Tuesday, April 28, 2009

Those Wonderful Years in Music... 1988 and 1989

In honor of my big milestone last week, our monthly salute to a particular year in music is going to be a two-fer. I decided to clump 1988 and 1989 together because they were part of a distinctive transitional period; I'll even make the case that the late '80s is the gray zone in the musical generation gap, when rock purists gave up on the Top 40, hair metal was king, pop was synth-heavy piffle, and rap and alt-rock were inching into the mainstream. Twenty years on, it appears that college rock was the place to be, with on-the-cusp bands like R.E.M. and The Pixies leading the movement. That's not to say commerical radio in '88 and '89 was a massive black hole; there were a few good songs here and there but the then-current trends of the industry haven't aged that well. (Case in point: Will To Power.) As these records and singles suggest, it was a good time to dig deep.


1. Daydream Nation, Sonic Youth.
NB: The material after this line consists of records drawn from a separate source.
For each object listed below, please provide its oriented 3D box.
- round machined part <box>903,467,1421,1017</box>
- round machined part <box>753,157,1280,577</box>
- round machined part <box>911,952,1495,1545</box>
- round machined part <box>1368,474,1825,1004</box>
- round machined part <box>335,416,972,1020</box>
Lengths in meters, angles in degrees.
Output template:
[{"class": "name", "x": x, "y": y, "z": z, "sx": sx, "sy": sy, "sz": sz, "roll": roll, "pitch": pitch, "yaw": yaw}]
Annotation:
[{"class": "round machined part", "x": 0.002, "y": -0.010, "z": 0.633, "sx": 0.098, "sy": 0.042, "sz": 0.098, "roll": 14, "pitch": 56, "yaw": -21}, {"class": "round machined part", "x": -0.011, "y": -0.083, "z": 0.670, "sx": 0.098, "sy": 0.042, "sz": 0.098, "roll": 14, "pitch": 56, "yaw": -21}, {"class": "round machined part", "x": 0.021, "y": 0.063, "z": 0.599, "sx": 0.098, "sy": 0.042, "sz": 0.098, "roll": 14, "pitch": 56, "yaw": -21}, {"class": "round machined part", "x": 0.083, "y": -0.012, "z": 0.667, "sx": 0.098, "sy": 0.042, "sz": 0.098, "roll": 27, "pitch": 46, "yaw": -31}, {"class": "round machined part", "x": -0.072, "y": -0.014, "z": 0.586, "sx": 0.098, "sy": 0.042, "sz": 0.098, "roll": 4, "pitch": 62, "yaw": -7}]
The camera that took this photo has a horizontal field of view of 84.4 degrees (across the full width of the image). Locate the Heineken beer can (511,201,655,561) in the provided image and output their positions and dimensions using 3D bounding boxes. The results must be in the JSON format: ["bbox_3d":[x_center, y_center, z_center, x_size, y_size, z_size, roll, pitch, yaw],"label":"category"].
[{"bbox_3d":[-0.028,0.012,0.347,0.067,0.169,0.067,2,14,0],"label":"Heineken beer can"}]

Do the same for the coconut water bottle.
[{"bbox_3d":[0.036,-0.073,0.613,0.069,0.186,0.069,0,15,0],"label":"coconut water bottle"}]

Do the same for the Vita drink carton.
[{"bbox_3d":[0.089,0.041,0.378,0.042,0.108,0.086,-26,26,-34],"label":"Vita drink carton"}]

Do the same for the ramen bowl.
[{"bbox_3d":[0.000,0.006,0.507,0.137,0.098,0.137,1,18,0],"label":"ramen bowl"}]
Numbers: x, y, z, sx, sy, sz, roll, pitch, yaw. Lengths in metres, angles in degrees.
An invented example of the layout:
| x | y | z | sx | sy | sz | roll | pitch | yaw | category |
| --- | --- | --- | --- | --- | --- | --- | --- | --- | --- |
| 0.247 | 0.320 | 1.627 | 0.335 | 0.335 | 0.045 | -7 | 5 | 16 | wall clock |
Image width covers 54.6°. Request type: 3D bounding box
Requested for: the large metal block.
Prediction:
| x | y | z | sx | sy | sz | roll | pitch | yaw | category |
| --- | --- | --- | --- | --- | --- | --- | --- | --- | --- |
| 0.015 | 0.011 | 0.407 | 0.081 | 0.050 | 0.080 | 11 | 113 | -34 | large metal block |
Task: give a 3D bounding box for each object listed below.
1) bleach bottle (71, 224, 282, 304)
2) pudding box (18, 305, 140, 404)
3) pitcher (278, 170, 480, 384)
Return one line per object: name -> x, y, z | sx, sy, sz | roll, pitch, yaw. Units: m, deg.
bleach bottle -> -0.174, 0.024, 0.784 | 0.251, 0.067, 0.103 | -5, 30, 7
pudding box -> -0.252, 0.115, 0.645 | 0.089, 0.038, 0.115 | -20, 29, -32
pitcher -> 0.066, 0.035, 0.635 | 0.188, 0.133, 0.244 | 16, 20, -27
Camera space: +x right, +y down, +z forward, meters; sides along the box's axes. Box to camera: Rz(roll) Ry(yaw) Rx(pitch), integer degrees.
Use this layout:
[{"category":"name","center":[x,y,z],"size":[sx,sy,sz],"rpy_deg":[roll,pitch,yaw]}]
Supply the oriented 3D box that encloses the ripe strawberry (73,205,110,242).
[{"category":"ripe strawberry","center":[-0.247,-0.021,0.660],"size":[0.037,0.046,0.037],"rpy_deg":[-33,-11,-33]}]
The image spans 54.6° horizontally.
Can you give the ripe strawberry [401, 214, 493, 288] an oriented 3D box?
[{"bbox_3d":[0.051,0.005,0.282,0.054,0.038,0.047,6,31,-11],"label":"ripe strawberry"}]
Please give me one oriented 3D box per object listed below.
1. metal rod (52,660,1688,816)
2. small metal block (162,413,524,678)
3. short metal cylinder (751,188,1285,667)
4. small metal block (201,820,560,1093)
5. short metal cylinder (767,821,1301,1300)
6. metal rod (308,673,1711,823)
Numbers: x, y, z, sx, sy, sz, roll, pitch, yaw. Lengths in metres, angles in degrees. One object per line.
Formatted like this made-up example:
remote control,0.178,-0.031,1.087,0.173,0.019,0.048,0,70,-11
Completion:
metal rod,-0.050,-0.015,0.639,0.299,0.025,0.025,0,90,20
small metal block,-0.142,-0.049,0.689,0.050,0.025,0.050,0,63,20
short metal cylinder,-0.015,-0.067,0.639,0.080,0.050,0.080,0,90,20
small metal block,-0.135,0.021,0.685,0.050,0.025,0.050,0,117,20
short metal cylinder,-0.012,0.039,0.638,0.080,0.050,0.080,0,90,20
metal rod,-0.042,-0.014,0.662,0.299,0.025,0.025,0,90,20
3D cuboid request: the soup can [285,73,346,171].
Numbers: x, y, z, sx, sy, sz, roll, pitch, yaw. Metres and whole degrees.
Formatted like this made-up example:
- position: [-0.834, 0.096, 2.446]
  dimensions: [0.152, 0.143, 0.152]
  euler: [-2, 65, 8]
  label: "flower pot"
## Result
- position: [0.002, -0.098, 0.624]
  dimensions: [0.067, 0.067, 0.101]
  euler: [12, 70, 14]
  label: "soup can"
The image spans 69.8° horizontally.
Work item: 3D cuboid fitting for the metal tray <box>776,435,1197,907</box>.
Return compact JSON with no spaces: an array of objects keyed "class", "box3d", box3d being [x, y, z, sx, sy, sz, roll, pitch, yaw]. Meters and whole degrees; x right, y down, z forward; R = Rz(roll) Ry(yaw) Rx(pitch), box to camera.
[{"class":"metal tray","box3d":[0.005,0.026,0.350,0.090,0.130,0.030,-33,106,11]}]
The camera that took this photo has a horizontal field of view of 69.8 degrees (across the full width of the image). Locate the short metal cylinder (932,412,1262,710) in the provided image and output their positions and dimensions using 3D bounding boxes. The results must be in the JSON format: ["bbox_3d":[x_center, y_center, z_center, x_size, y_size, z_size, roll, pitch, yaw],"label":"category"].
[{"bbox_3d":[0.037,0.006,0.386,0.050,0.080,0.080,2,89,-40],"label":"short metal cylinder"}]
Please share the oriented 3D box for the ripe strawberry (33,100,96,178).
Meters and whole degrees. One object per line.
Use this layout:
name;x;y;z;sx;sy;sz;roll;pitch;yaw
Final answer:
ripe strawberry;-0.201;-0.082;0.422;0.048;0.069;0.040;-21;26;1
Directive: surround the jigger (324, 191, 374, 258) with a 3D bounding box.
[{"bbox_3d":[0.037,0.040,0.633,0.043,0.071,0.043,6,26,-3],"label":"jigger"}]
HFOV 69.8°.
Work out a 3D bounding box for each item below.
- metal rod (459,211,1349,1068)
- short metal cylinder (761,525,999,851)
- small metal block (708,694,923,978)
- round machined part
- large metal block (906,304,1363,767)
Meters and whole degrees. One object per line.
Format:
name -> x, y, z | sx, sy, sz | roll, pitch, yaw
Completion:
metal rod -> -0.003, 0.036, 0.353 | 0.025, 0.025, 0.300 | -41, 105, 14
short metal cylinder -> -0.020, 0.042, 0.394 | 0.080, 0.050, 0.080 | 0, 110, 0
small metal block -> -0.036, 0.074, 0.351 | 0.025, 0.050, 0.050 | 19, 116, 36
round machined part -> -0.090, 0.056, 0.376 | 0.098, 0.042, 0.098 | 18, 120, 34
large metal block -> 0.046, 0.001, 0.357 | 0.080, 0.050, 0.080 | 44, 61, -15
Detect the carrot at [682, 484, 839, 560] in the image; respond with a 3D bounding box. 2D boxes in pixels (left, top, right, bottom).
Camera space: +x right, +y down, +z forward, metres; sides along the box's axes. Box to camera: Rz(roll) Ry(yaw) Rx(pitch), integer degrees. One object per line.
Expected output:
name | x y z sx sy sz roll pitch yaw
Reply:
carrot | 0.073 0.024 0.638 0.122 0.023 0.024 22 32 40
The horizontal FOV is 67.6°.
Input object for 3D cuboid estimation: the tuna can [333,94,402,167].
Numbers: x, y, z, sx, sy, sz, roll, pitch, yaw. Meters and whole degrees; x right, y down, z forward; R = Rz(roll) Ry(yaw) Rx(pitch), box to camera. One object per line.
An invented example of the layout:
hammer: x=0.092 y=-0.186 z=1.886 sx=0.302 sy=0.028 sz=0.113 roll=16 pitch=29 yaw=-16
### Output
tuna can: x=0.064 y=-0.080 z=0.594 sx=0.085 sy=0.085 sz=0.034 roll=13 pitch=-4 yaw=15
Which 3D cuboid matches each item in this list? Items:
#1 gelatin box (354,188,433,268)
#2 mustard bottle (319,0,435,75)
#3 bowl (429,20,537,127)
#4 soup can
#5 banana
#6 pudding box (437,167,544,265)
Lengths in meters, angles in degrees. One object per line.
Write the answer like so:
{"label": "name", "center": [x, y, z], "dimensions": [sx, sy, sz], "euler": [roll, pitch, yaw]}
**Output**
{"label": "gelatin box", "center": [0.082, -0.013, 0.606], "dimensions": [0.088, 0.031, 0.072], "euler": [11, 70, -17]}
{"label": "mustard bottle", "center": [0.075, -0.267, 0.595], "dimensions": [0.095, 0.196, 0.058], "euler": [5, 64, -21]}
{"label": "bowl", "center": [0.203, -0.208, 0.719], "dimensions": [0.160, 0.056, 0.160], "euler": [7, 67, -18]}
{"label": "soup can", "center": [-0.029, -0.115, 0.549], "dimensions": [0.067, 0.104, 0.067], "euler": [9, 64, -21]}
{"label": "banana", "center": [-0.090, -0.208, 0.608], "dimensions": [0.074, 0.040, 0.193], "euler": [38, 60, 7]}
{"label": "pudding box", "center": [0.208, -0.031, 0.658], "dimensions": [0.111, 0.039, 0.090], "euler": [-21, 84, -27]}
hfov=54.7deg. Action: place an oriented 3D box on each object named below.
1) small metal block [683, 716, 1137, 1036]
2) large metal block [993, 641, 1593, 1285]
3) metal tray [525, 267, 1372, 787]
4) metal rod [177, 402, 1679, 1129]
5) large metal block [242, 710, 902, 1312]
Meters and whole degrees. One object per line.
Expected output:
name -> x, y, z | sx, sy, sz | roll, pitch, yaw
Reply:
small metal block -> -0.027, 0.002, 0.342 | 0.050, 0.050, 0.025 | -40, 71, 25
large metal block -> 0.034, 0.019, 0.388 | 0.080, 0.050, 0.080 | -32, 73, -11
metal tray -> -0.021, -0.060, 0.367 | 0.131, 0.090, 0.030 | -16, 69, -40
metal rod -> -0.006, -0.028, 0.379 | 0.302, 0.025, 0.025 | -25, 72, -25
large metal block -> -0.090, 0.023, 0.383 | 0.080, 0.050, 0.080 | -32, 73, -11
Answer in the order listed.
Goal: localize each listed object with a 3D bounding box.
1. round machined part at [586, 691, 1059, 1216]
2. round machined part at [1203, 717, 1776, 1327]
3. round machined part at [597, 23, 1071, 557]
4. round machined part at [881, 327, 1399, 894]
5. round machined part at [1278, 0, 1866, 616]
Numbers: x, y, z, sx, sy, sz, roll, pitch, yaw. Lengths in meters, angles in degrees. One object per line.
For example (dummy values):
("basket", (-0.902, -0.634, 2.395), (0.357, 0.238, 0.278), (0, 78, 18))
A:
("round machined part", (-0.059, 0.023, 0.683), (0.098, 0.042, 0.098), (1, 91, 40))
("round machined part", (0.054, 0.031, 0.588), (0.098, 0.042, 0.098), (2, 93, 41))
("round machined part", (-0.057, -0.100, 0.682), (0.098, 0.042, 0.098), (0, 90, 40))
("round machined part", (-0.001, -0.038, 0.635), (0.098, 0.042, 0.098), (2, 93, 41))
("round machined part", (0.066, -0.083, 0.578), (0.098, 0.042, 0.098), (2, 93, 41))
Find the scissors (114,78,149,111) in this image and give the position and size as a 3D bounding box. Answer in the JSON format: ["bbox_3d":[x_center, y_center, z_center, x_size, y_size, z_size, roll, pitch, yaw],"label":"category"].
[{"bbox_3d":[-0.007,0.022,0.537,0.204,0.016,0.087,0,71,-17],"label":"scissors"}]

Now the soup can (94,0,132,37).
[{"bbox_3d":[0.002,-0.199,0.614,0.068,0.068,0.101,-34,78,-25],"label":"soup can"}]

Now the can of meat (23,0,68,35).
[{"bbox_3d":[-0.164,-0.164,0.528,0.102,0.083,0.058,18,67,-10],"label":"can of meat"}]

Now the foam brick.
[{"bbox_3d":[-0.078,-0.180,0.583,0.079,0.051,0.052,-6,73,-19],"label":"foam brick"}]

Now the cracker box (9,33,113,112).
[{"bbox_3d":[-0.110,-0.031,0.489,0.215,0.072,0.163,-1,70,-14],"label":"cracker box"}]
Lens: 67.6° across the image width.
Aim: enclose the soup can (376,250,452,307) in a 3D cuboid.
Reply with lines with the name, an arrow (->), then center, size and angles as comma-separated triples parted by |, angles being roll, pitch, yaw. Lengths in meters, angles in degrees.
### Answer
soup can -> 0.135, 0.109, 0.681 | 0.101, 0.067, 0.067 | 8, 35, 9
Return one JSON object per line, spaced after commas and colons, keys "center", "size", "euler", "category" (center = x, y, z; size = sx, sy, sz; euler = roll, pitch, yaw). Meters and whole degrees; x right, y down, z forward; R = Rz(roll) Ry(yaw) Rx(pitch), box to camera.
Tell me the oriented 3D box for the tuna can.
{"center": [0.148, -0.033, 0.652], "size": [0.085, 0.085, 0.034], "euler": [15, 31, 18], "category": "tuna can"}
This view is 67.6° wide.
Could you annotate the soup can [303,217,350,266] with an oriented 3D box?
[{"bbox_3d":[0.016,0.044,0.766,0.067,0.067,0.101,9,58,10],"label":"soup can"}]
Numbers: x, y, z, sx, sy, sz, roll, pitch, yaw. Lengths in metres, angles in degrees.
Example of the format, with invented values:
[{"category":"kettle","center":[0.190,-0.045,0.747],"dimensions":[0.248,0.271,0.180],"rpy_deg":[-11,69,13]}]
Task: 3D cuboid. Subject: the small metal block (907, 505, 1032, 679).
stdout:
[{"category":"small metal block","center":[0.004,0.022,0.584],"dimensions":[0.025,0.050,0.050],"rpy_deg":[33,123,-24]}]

Marking the culmination of their transition from abrasive noise-rock to post-punk art-rock, Thurston Moore and company cook up a potluck dinner of sound: sprawling, varying, and quite filling. The seven-minute anti-anthem "Teenage Riot" lures you in and there's no looking back.
2. Nothing's Shocking, Jane's Addiction. From my review on mp3.com: "(This) fusion of metal and prog-rock is as influental as it is something to behold, and almost every track has a distinct tension that makes you wonder if it'll fall apart or make a smooth landing... 'Summertime Rolls,' 'Mountain Song,' 'Idiots Rule,' and the hit 'Jane Says' combine for a formidable foursome."
3. Green, R.E.M. After five decade-defining LPs on the I.R.S. label, Michael Stipe and the boys lept to Geffen --and into the American mainstream-- with their sixth out-of-the-park home run in as many years. Their previous disc Document gave the quartet their first two Top 40 hits, but Green cemented their place in the higher echelons of rock. If you don't believe me, listen to "Stand," "Orange Crush," or "Pop Song '89."
4. Surfer Rosa, The Pixies
5. Isn't Anything, My Bloody Valentine
6. ...And Justice For All, Metallica
7. It Takes a Nation of Millions To Hold Us Back, Public Enemy
8. Our Beloved Revolutionary Sweetheart, Camper Van Beethoven
9. Operation: Mindcrime, Queensryche
10. I'm Your Man, Leonard Cohen. I had a hard time finishing this top ten, so for my last selection of '88 I chose an album that was pretty good though not exactly essential. Cohen as an artist is hard to absorb quickly; he's a poet first and foremost, and his arrangements can be sparse and samey, but once you peel away the layers of his lyrics it's hard to back off. Man was his comeback album of sorts, 41 minutes of palpable angst and lovelorn ennui.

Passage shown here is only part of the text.